Nie tylko kierowcy, ale również pasażerowie, rowerzyści, motocykliści i piesi, skupili się wokół idei bezpieczeństwa na drogach. Bo tylko włączenie się w akcję dużej liczby uczestników ruchu drogowego, gwarantowały jej sukces. Bierna nie pozostała także policja, która wzmogła w tym czasie swoje patrole. Miały one na celu zminimalizowanie i zapobieganie zdarzeniom drogowym powstającym w związku z lekceważeniem podstawowych norm i zasad obowiązujących w ruchu drogowym, a także przeciwdziałanie zagrożeniom o charakterze przestępczym, informował GAZETĘ Sebastian Śpiewak, rzecznik prasowy starachowickiej policji.
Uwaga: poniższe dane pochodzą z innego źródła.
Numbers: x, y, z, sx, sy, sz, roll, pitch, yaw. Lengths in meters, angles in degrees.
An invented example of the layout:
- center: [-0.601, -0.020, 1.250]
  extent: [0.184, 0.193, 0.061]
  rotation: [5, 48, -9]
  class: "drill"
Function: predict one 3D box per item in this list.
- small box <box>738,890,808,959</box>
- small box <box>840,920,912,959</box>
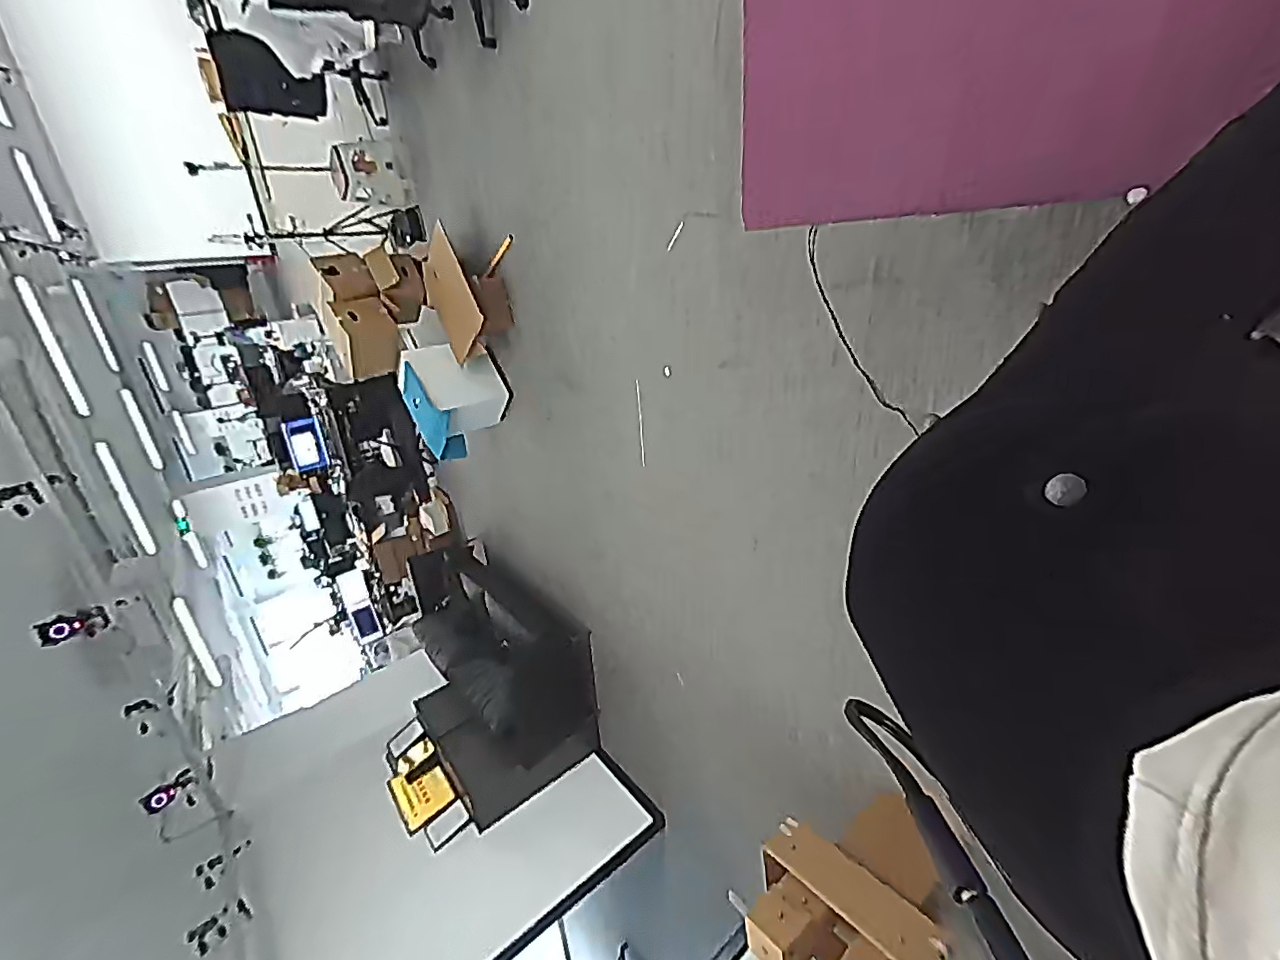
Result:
- center: [0.464, 1.594, 1.880]
  extent: [0.168, 0.176, 0.179]
  rotation: [12, 116, 51]
  class: "small box"
- center: [0.773, 1.606, 1.764]
  extent: [0.168, 0.176, 0.179]
  rotation: [14, 119, 49]
  class: "small box"

W szczególności reagowano na przypadki przekroczenia dozwolonej prędkości, jazdy bez zapiętych pasów bezpieczeństwa oraz przypadki nieprawidłowego wyprzedzania – wobec których nie było żadnej litości. Sprawców karano mandatami. I takich wlepiono w ostatni weekend aż siedemdziesiąt, głównie za brawurową jazdę. Skierowano też cztery wnioski do sądu. Podczas kontroli sprawdzano też poziom trzeźwości i tu „wpadło” aż pięciu kierujących. Trafił się także jeden delikwent, który prowadził samochód pod wpływem narkotyków. Na szczęście, co warto podkreślić, obyło się bez wypadków. Inaczej niż w reszcie kraju, gdzie życie straciło aż 71 osób, a 650 zostało rannych. To bilans 525 wypadków, do których doszło na polskich drogach podczas długiego weekendu. Policjanci zatrzymali aż 2794 nietrzeźwych kierowców, podczas gdy w naszym powiecie odnotowano jedynie pięć kolizji, z czego najpoważniejszą na osiedlu Majówka (okolice Lidla). Uczestniczyła w niej dwójkę dzieciaków, które gwałtownie wbiegły na jezdnię. Żadnemu z nich na szczęście nic się nie stało. Skończyło się tylko na strachu. Oby sytuacji takich było jak najmniej.